EXERCISE DETAILS
Starting with the first line below, reproduce each line exactly until you have included the one bearing "An invented example".

-- SUPPLIED MATERIAL follows --

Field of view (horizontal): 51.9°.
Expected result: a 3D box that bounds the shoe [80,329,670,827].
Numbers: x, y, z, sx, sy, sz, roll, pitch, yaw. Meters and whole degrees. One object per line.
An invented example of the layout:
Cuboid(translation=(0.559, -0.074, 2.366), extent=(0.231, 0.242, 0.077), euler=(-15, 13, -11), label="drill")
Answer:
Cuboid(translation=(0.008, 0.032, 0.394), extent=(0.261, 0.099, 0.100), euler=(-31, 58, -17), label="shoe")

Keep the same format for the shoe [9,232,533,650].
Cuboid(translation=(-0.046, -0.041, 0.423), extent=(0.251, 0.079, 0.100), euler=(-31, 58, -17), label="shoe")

-- SUPPLIED MATERIAL concluded --

EXERCISE RESULT
Field of view (horizontal): 51.9°.
Expected result: a 3D box that bounds the shoe [80,329,670,827].
Numbers: x, y, z, sx, sy, sz, roll, pitch, yaw. Meters and whole degrees. One object per line.
An invented example of the layout:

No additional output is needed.